What is needed ->
Answer with a number only, giving how many lines in the data below include "Very".

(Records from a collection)
== Segment start ==
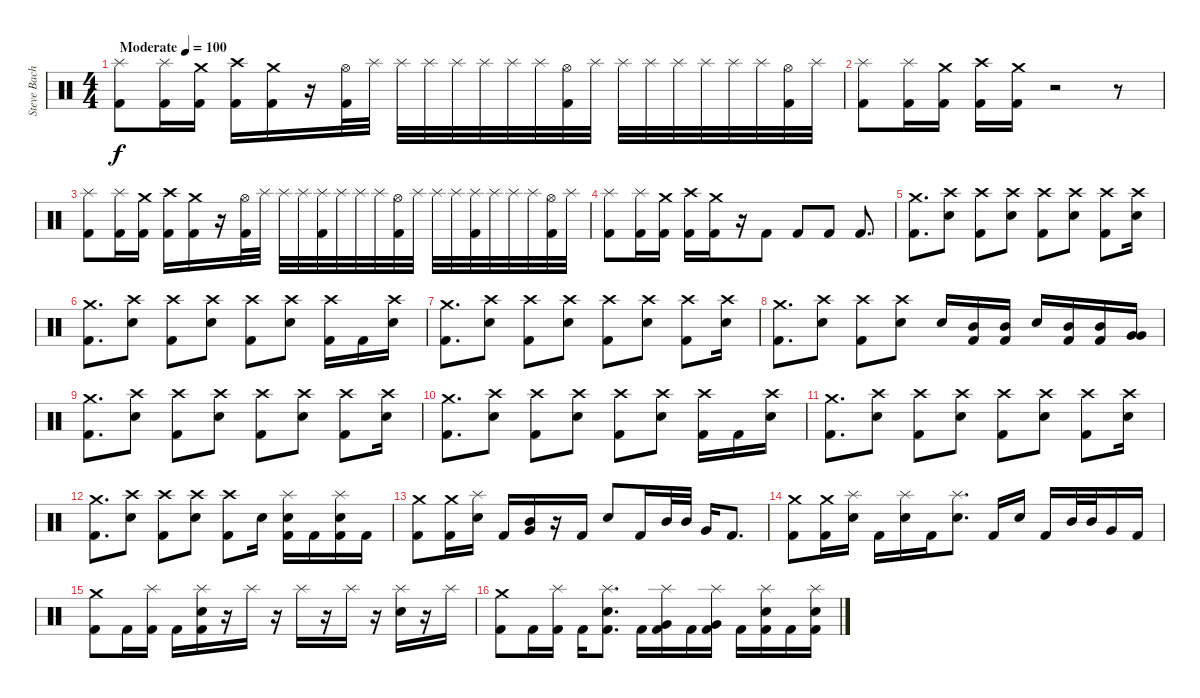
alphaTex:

\track ("Steve Bache" "Steve Bach") {instrument percussion}
\staff {score}
\articulation defaults
\ts (4 4)
\tempo (100 "Moderate")
\clef neutral
\ks c
("Splash (hit)" "Kick (hit) 2").8{dy f} ("Splash (hit)" "Kick (hit) 2").16 ("Crash medium (hit)" "Kick (hit) 2").16 ("Crash high (hit)" "Kick (hit) 2").16 ("Crash medium (hit)" "Kick (hit) 2").16 r.16 ("Hi-Hat (open)" "Kick (hit) 2").32 "Splash (hit)".32 "Splash (hit)".32 "Splash (hit)".32 "Splash (hit)".32 "Splash (hit)".32 "Splash (hit)".32 "Splash (hit)".32 ("Hi-Hat (open)" "Kick (hit) 2").32 "Splash (hit)".32 "Splash (hit)".32 "Splash (hit)".32 "Splash (hit)".32 "Splash (hit)".32 "Splash (hit)".32 "Splash (hit)".32 ("Hi-Hat (open)" "Kick (hit) 2").32 "Splash (hit)".32 |
("Splash (hit)" "Kick (hit) 2").8 ("Splash (hit)" "Kick (hit) 2").16 ("Crash medium (hit)" "Kick (hit) 2").16 ("Crash high (hit)" "Kick (hit) 2").16 ("Crash medium (hit)" "Kick (hit) 2").16 r.2 r.8 |
("Splash (hit)" "Kick (hit) 2").8 ("Splash (hit)" "Kick (hit) 2").16 ("Crash medium (hit)" "Kick (hit) 2").16 ("Crash high (hit)" "Kick (hit) 2").16 ("Crash medium (hit)" "Kick (hit) 2").16 r.16 ("Hi-Hat (open)" "Kick (hit) 2").32 "Splash (hit)".32 "Splash (hit)".32 "Splash (hit)".32 ("Splash (hit)" "Kick (hit) 2").32 "Splash (hit)".32 "Splash (hit)".32 "Splash (hit)".32 ("Hi-Hat (open)" "Kick (hit) 2").32 "Splash (hit)".32 "Splash (hit)".32 "Splash (hit)".32 ("Splash (hit)" "Kick (hit) 2").32 "Splash (hit)".32 "Splash (hit)".32 "Splash (hit)".32 ("Hi-Hat (open)" "Kick (hit) 2").32 "Splash (hit)".32 |
("Splash (hit)" "Kick (hit) 2").8 ("Splash (hit)" "Kick (hit) 2").16 ("Crash medium (hit)" "Kick (hit) 2").16 ("Crash high (hit)" "Kick (hit) 2").16 ("Crash medium (hit)" "Kick (hit) 2").16 r.16 "Kick (hit) 2".8 "Kick (hit) 2".8 "Kick (hit) 2".8 "Kick (hit) 2".8{d} |
("Crash medium (hit)" "Kick (hit) 2").8{d} ("Crash high (hit)" "Electric Snare (hit)").8 ("Crash high (hit)" "Kick (hit) 2").8 ("Crash high (hit)" "Electric Snare (hit)").8 ("Crash high (hit)" "Kick (hit) 2").8 ("Crash high (hit)" "Electric Snare (hit)").8 ("Crash high (hit)" "Kick (hit) 2").8 ("Crash high (hit)" "Electric Snare (hit)").16 |
("Crash medium (hit)" "Kick (hit) 2").8{d} ("Crash high (hit)" "Electric Snare (hit)").8 ("Crash high (hit)" "Kick (hit) 2").8 ("Crash high (hit)" "Electric Snare (hit)").8 ("Crash high (hit)" "Kick (hit) 2").8 ("Crash high (hit)" "Electric Snare (hit)").8 ("Crash high (hit)" "Kick (hit) 2").16 "Kick (hit) 2".16 ("Crash high (hit)" "Electric Snare (hit)").16 |
("Crash medium (hit)" "Kick (hit) 2").8{d} ("Crash high (hit)" "Electric Snare (hit)").8 ("Crash high (hit)" "Kick (hit) 2").8 ("Crash high (hit)" "Electric Snare (hit)").8 ("Crash high (hit)" "Kick (hit) 2").8 ("Crash high (hit)" "Electric Snare (hit)").8 ("Crash high (hit)" "Kick (hit) 2").8 ("Crash high (hit)" "Electric Snare (hit)").16 |
("Crash medium (hit)" "Kick (hit) 2").8{d} ("Crash high (hit)" "Electric Snare (hit)").8 ("Crash high (hit)" "Kick (hit) 2").8 ("Crash high (hit)" "Electric Snare (hit)").8 "Electric Snare (hit)".16 ("Mid Tom (hit)" "Kick (hit) 2").16 ("Mid Tom (hit)" "Kick (hit) 2").16 "Electric Snare (hit)".16 ("Mid Tom (hit)" "Kick (hit) 2").16 ("Mid Tom (hit)" "Kick (hit) 2").16 ("Very Low Tom (hit)" "Very Low Tom (hit)").16 |
("Crash medium (hit)" "Kick (hit) 2").8{d} ("Crash high (hit)" "Electric Snare (hit)").8 ("Crash high (hit)" "Kick (hit) 2").8 ("Crash high (hit)" "Electric Snare (hit)").8 ("Crash high (hit)" "Kick (hit) 2").8 ("Crash high (hit)" "Electric Snare (hit)").8 ("Crash high (hit)" "Kick (hit) 2").8 ("Crash high (hit)" "Electric Snare (hit)").16 |
("Crash medium (hit)" "Kick (hit) 2").8{d} ("Crash high (hit)" "Electric Snare (hit)").8 ("Crash high (hit)" "Kick (hit) 2").8 ("Crash high (hit)" "Electric Snare (hit)").8 ("Crash high (hit)" "Kick (hit) 2").8 ("Crash high (hit)" "Electric Snare (hit)").8 ("Crash high (hit)" "Kick (hit) 2").16 "Kick (hit) 2".16 ("Crash high (hit)" "Electric Snare (hit)").16 |
("Crash medium (hit)" "Kick (hit) 2").8{d} ("Crash high (hit)" "Electric Snare (hit)").8 ("Crash high (hit)" "Kick (hit) 2").8 ("Crash high (hit)" "Electric Snare (hit)").8 ("Crash high (hit)" "Kick (hit) 2").8 ("Crash high (hit)" "Electric Snare (hit)").8 ("Crash high (hit)" "Kick (hit) 2").8 ("Crash high (hit)" "Electric Snare (hit)").16 |
("Crash medium (hit)" "Kick (hit) 2").8{d} ("Crash high (hit)" "Electric Snare (hit)").8 ("Crash high (hit)" "Kick (hit) 2").8 ("Crash high (hit)" "Electric Snare (hit)").8 ("Crash high (hit)" "Kick (hit) 2").8 "Electric Snare (hit)".16 ("Splash (hit)" "Electric Snare (hit)" "Kick (hit) 2").16 "Kick (hit) 2".16 ("Splash (hit)" "Electric Snare (hit)" "Kick (hit) 2").16 "Kick (hit) 2".16 |
("Crash medium (hit)" "Kick (hit) 2").8 ("Crash medium (hit)" "Kick (hit) 2").16 ("Splash (hit)" "Electric Snare (hit)").16 "Kick (hit) 2".16 ("Mid Tom (hit)" "Very Low Tom (hit)").16 r.16 "Kick (hit) 2".16 "Electric Snare (hit)".8 "Kick (hit) 2".16 "Mid Tom (hit)".32 "Mid Tom (hit)".32 "Very Low Tom (hit)".16 "Kick (hit) 2".8{d} |
("Crash medium (hit)" "Kick (hit) 2").8 ("Crash medium (hit)" "Kick (hit) 2").16 ("Splash (hit)" "Electric Snare (hit)").16 "Kick (hit) 2".16 ("Splash (hit)" "Electric Snare (hit)").16 "Kick (hit) 2".16 ("Splash (hit)" "Electric Snare (hit)").8{d} "Kick (hit) 2".16 "Electric Snare (hit)".16 "Kick (hit) 2".16 "Mid Tom (hit)".32 "Mid Tom (hit)".32 "Very Low Tom (hit)".16 "Kick (hit) 2".16 |
("Crash medium (hit)" "Kick (hit) 2").8 "Kick (hit) 2".16 ("Splash (hit)" "Kick (hit) 2").16 "Kick (hit) 2".16 ("Splash (hit)" "Electric Snare (hit)" "Kick (hit) 2").16 r.16 "Splash (hit)".16 r.16 "Splash (hit)".16 r.16 "Splash (hit)".16 r.16 ("Splash (hit)" "Electric Snare (hit)").16 r.16 "Splash (hit)".16 |
("Crash medium (hit)" "Kick (hit) 2").8 "Kick (hit) 2".16 ("Splash (hit)" "Kick (hit) 2").16 "Kick (hit) 2".16 ("Splash (hit)" "Electric Snare (hit)" "Kick (hit) 2").8{d} "Kick (hit) 2".16 ("Splash (hit)" "Very Low Tom (hit)" "Kick (hit) 2").16 "Kick (hit) 2".16 ("Splash (hit)" "Very Low Tom (hit)" "Kick (hit) 2").16 "Kick (hit) 2".16 ("Splash (hit)" "Electric Snare (hit)" "Kick (hit) 2").16 "Kick (hit) 2".16 ("Splash (hit)" "Electric Snare (hit)" "Kick (hit) 2").16
== Segment end ==
Exercise solution ->
4